When I go out on a shoot, I like to make sure I have everything with me BEFORE I leave the office. I have several checklists that I use in order to help my aging brain keep up with my needs. I’d bring different items to photograph a wedding than I would Coastal Brown Bears in Alaska. Accordingly, I have multiple lists that depend on the job. Here is my outdoor/nature photography checklist.

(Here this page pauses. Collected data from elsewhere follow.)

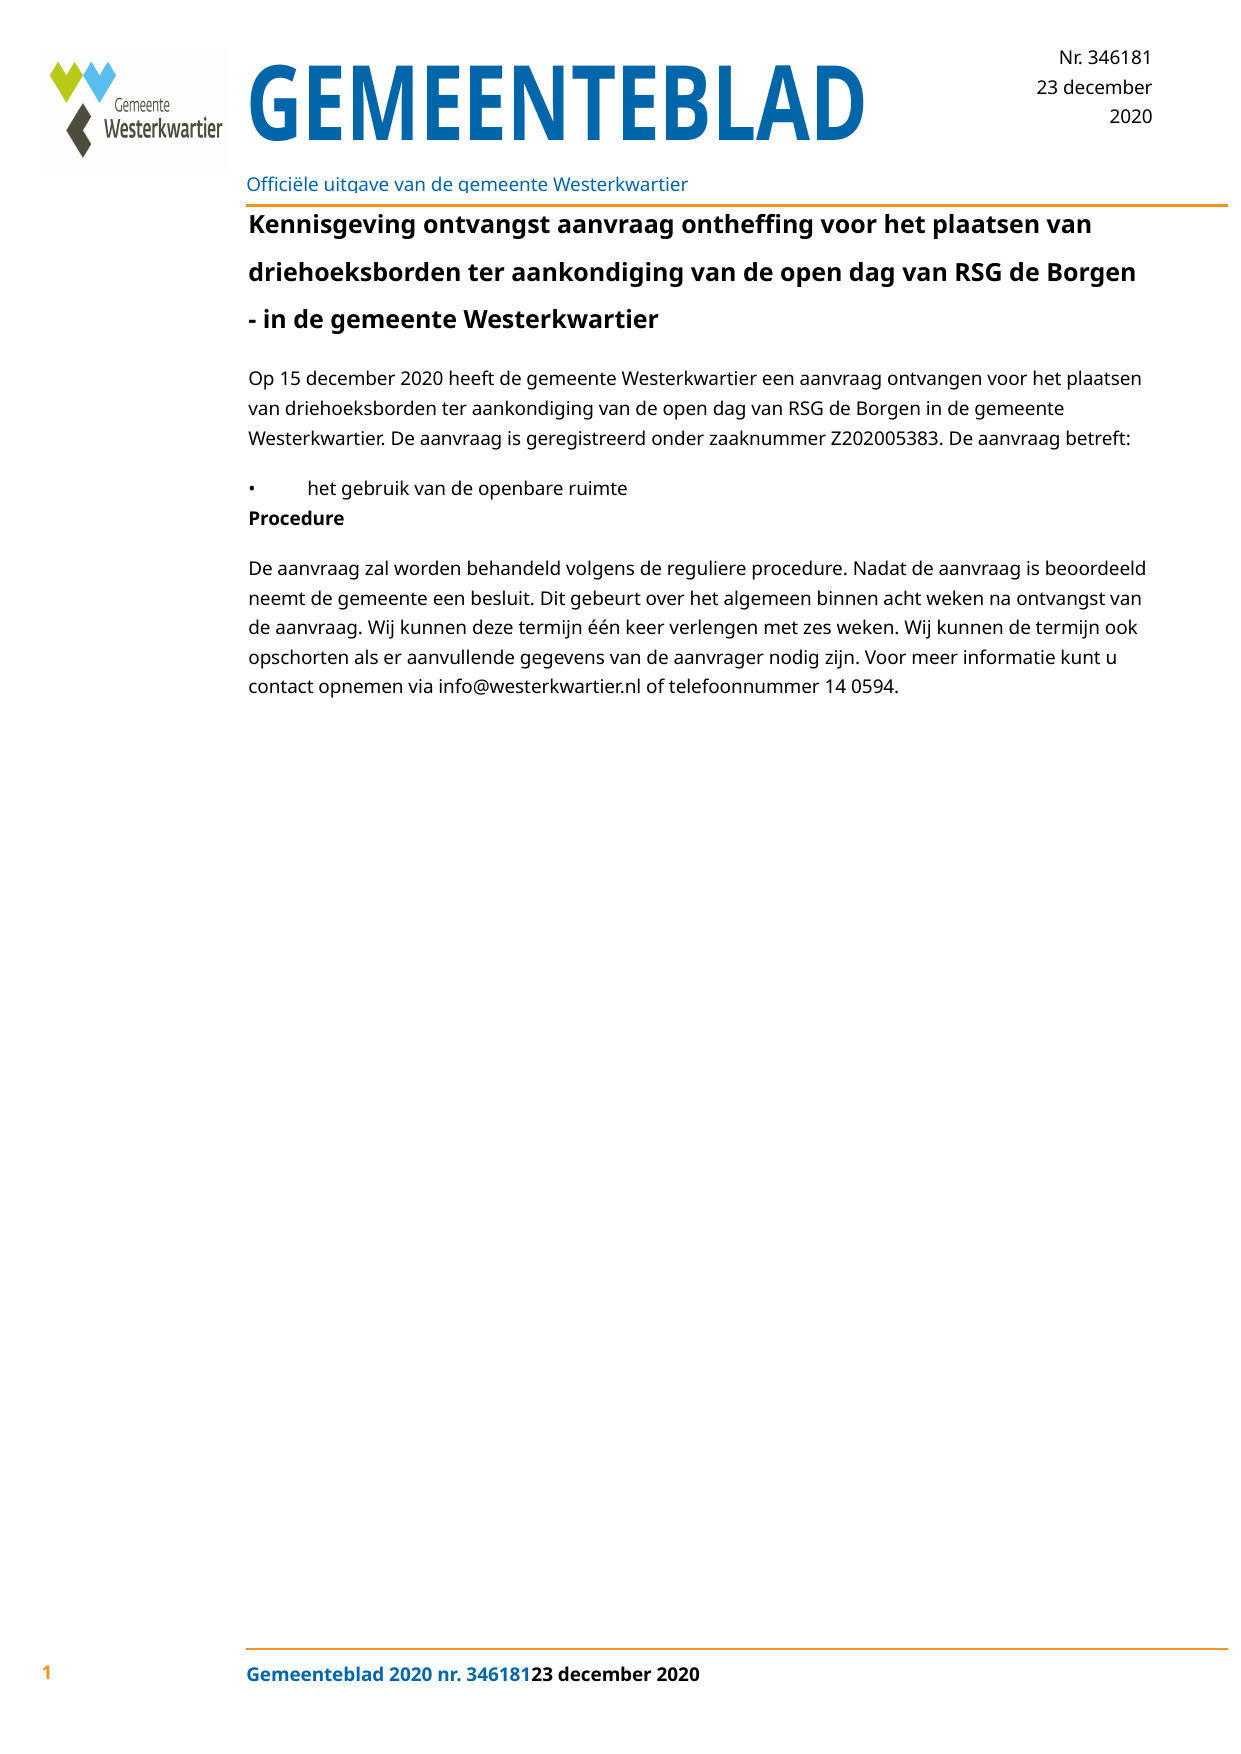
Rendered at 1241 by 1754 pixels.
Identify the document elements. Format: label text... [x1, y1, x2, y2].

text Kennisgeving ontvangst aanvraag ontheffing voor het plaatsen van driehoeksborden ter aankondiging van de open dag van RSG de Borgen - in de gemeente Westerkwartier [248, 207, 1152, 336]
text De aanvraag zal worden behandeld volgens de reguliere procedure. Nadat de aanvraag is beoordeeld neemt de gemeente een besluit. Dit gebeurt over het algemeen binnen acht weken na ontvangst van de aanvraag. Wij kunnen deze termijn één keer verlengen met zes weken. Wij kunnen de termijn ook opschorten als er aanvullende gegevens van de aanvrager nodig zijn. Voor meer informatie kunt u contact opnemen via info@westerkwartier.nl of telefoonnummer 14 0594. [248, 555, 1152, 699]
text Op 15 december 2020 heeft de gemeente Westerkwartier een aanvraag ontvangen voor het plaatsen van driehoeksborden ter aankondiging van de open dag van RSG de Borgen in de gemeente Westerkwartier. De aanvraag is geregistreerd onder zaaknummer Z202005383. De aanvraag betreft: [248, 366, 1152, 450]
picture [41, 47, 231, 172]
list het gebruik van de openbare ruimte [248, 475, 1152, 501]
text Procedure [248, 505, 1152, 530]

NOTE: This list is not weather dependent – in cold climates I add my cold-weather gear checklist which I’ll share later.

* Two Nikon D3 bodies
* D3 Camera Manual
* Nikon D90 Body
* D90 Camera Manual
* Nikon MC-36 Multi-Function Remote Cord
* Wimberley Gimbal Mount Tripod Head
* Acratech GV2 Ballhead
* Gitzo Carbon Fibre Tripod
* Two Fresh Fully Charged D3 Camera Body Batteries
* Two Spare D3 Camera Body Batteries
* D3 Battery Charger
* Two Fresh Fully Charged D90 Camera Body Batteries
* D90 Battery Charger
* Four 16GB Hoodman UDMA CF Cards
* Two 8GB Hoodman UDMA CF Cards
* Four 8GB SanDisk Ultra II SD Cards
* SanDIsk ExpressCard Reader For MacBookPro
* Hoodman UDMA USB 2.0 Card Reader
* 17″ MacBookPro w/Power Cable
* Ethernet Cable
* 4GB Thumb Drive
* Verizon 3G Express Card Hi-Speed Modem
* Two LaCie Rugged 500 GB Portable Drives W/Firewire Cables
* Lensbaby Composer
* Nikon 14-24 F/2.8 Lens
* Nikon 24-70 F/2.8 Lens
* Nikon 50 F/1.4 Lens
* Nikon 80-200 F/2.8 Lens
* Nikon 200-400 F/4 Lens
* Sigma 100-300 F/4 Zoom Lens
* Sigma 300-800 F/5.6 Zoom Lens
* LensCoat Pouches For Each Lens & Body (Except Sigma 300-800)
* Nikon 1.7 Teleconverters
* B+W Circular Polarizer For Each Lens (Except Sigma 300-800 & Nikon 14-24)
* Sigma 49mm Circular Polarizer for Sigma 300-800
* Bubble Level
* Westcott Collapsible Diffuser
* California Sunbounce Reflector
* Kirk Fat Bag Bean Bag Camera Support
* Visible Dust Zeeion Blower
* Visible Dust Sensor Loupe
* Visible Dust Sensor Swabs/Brushes
* Four Large Microfiber Cloths
* Think Tank Hydrophobia Rain Cover
* Think Tank Airport Addicted Backpack and/or
* Gura Gear Kiboko Backpack
* Vested Interest – Khumbu Custom Photo Vest
* Allen Wrenches & Other Small Tools
* Duct Tape
* iPhone W/Car Charger Cord & Earbuds
* Garmin Nuvi Portable GPS
* Backup Paper Maps
* Petzl Headlamp
* Flashlight
* Mosquito Net
* Hat
* Sunscreen
* Purell Hand Soap
* Two 55 Gallon Plastic Trash Bags
* Two Sets Reading Glasses
* Hunting Knife
* Emergency First Aid Kit

Please note that while I will bring all of these items to the job, I might not actually take all of them into the field each day. It’s possible to bring TOO much stuff. This isn’t all the gear I own – it’s all the gear I might need for a typical outdoor nature shoot. The subject matter, conditions, location and other factors impact what I actually carry on my person or leave in the car close by.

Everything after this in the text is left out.